Dans le fief séparatiste de Donetsk, les tirs d'artillerie se sont poursuivis une bonne partie de la nuit et ont repris mardi matin, a constaté un journaliste de l'AFP sur place.

Sommet de la dernière chance

Malgré les combats, les 24 prochaines heures seront cruciales sur le plan diplomatique, à la suite de l'initiative de François Hollande et d'Angela Merkel de prendre au mot Vladimir Poutine et de venir à Moscou lui présenter un plan de paix, après l'avoir exposé au chef de l'État ukrainien Petro Porochenko.

Depuis, les quatre dirigeants ont eu des entretiens téléphoniques et font travailler d'arrache-pied leurs conseillers pour parvenir à un compromis permettant l'organisation d'un sommet inédit, à Minsk, la capitale du Bélarus, encore qualifié jusqu'à récemment par les Américains de «dernière dictature d'Europe».

La tenue du sommet dépendra notamment des résultats de la réunion du Groupe de contact sur l'Ukraine, qui réunissait à partir de 13 h (8 h à Montréal) mardi à Minsk les représentants ukrainiens, russes ainsi que celui de l'OSCE (organisation pour la sécurité et la coopération en Europe).

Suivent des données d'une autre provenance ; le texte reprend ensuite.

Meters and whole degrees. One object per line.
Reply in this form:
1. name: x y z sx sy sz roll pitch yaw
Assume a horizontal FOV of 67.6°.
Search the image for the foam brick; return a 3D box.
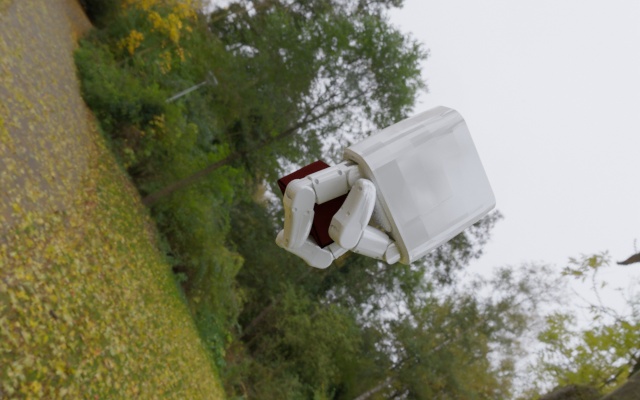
1. foam brick: 0.000 0.001 0.471 0.051 0.053 0.078 -29 29 -12

Les émissaires séparatistes y participeront également, a annoncé Denis Pouchiline, représentant de la République populaire autoproclamée de Donetsk (DNR), à l'agence officielle séparatiste.

Mais avant la réunion diplomatique de «la dernière chance» entre les présidents russe Vladimir Poutine, ukrainien Petro Porochenko, français François Hollande et la chancelière allemande Angela Merkel, cette dernière était lundi à Washington et à Ottawa pour présenter au président Obama et au premier ministre Harper ce plan de paix européen.

Ce plan, qui n'a pas été dévoilé, vise à faire appliquer les accords de paix conclus en septembre à Minsk. Mais l'Ukraine insiste sur le respect de la ligne de front établie en septembre alors que les séparatistes occupent 500 km2 supplémentaires depuis.

Une autre question litigieuse concerne le «statut des territoires» conquis par les séparatistes. Moscou insiste sur la constitution d'une fédération quand l'Ukraine ne parle que de «décentralisation», craignant une tentative du Kremlin de s'assurer un droit de veto sur les décisions de Kiev.

Est également âprement discutée la question du contrôle de la frontière ukraino-russe dans les territoires aux mains des rebelles. Kiev réclame son contrôle conjoint avec l'OSCE, mais «Moscou refuse d'en parler» et réclame que l'Ukraine se mette d'accord avec les rebelles sur ce point, selon une source gouvernementale ukrainienne.

D'après la même source, l'idée d'un contingent de maintien de la paix a été évoquée mais les négociations bloquent sur la nationalité de ses soldats. Lundi, les séparatistes s'étaient dits ouverts à cette idée si les soldats étaient biélorusses ou russes, une option rejetée par Kiev.

Pour autant, une source diplomatique française s'est dite lundi confiante sur la tenue de ce sommet. «Il y a huit jours, ils (Ukrainiens et Russes, NDLR) ne se parlaient pas. Là, on les met autour d'une table», a-t-elle déclaré à l'AFP.

«L'idée est d'avoir un accord global», a ajouté cette source, qui a reconnu que les négociations étaient «très compliquées».